With a few minutes to spare before the train was supposed to arrive, I walked the length of the train station a few times, fidgeting, taking pictures with my phone, and listening to the DJ Shadow track “Building Steam With a Grain of Salt,” from the album Endtroducing..… I felt anxious. I switched from “Building Steam” to “Apocalypse Dance,” and I felt better.

I peered into the dark tunnels on either side of the station until I saw the bright light that meant the train was approaching. I sat down on the bench to give the impression I had been waiting patiently the whole time. When the train stopped, I expected David Wilson to be alone, but he wasn’t. The woman beside him has been called Miranda Young, has taken the name Antoinette Monson, and was the world’s biggest pop star. Molly Metropolis.

She was dressed simply, as is her modus operandi now. She wore a pair of high-wasted beige pants, a white T-shirt with a very low V down to her belly button, showing off a triangle of skin, and a pair of black boots with a huge wedge heel, which she said she built herself. Her fingernails were bare and she wasn’t wearing much makeup. She wore sunglasses with small, round, very dark lenses, but took them off when we talked. She seemed pleased to see me. She made me feel nervous.

She introduced me to Wilson and after a word or two of greeting (he called her “Molls”), he disappeared into the control room to get the thing chugging. I didn’t see him again. Molly gave me a quick tour of the train. She explained that they had made some changes to the original design. She personally had ripped the seats out of the front car to make room for a table. The second car retained its traditional seats — slightly more legroom than L trains have today. She apologized for the noise, the rattle of the train. I drank water, she drank red wine, and we both ate from a bag of walnuts.

“Thanks for the water,” I said. “I’m a little starstruck.”

It was hard to talk to Molly. Her voice was familiar, her face was familiar, but it felt like if I had reached out to grab her, my hand would pass right through her body like a ghost on a TV show. In other words, Molly was unreal. She spoke to me like she was speaking to Barbara Walters, which was fitting. Molly has so many interviews left ungiven.

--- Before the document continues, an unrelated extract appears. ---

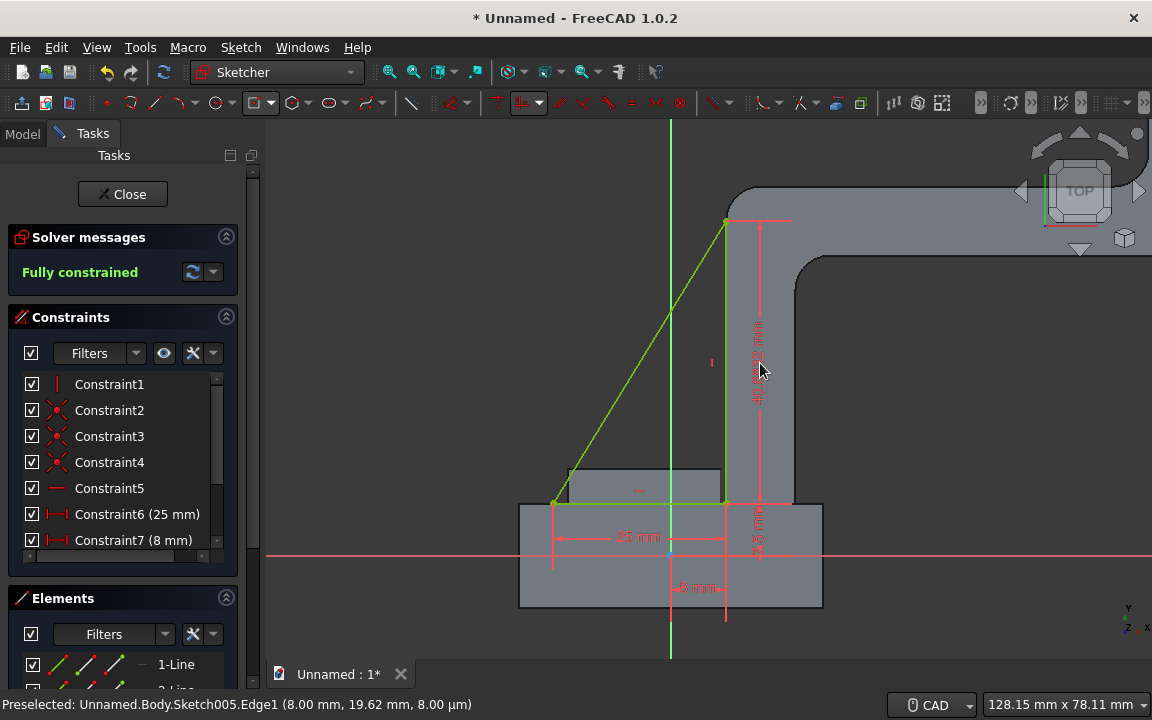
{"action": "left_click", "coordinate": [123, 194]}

“I’m so glad to have you here,” she said. “But we have limited time. Unless you’re interested in staying on the train.”

“I’m not sure exactly what you mean, but that seems like a dangerous choice. After all, Caitlin stayed, didn’t she?”

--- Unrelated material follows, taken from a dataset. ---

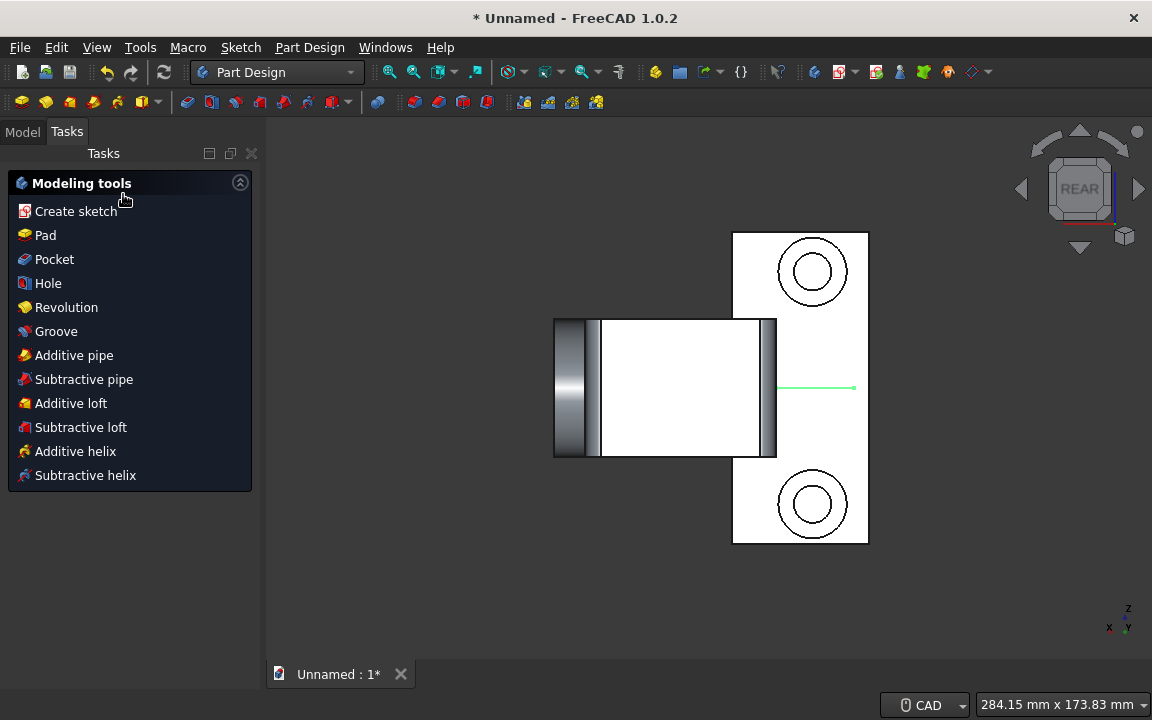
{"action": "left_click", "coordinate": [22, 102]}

“Oh my goodness, of course you’re worried! But don’t be worried. Cait is alive. She is perfectly alive and perfectly fine. Adjusting. Some people have a harder time adjusting, but she didn’t, she’s doing so well. Were you two close?”

After this little speech, I had more new questions than answers. Thankful Taer was still alive, I checked to make sure my voice recorder (which Molly agreed to me using) was working.

“I’m sorry,” I said, referring to the interruption to check the recorder. “Can we go back? Cait’s alive and ‘adjusting’? What are you talking about?”

“You knew Cyrus better than Caitlin, didn’t you, and you are probably worried about him. I don’t mean to be a tease!”

“Yes. And he’s alive, too, you’re saying?”

“Yes, alive and fine,” she over-exaggerated the word fine , like she was singing it in a musical.

I took a moment to assimilate this information. I cried, and she reached across the table, and held my hand.

“I’m sorry,” I said again.

“No!” she said. “Cry!”

She kept holding my hand, in her surprisingly strong grip with surprisingly soft fingers, until I stopped crying. In writing down this moment, I’m reminded of Taer and Nix’s first post-college encounter, when Nix cried. Did Molly do this intentionally, so my rendering of the event would echo an earlier incident she knew was in the book? I wish I’d heard the echo at the time.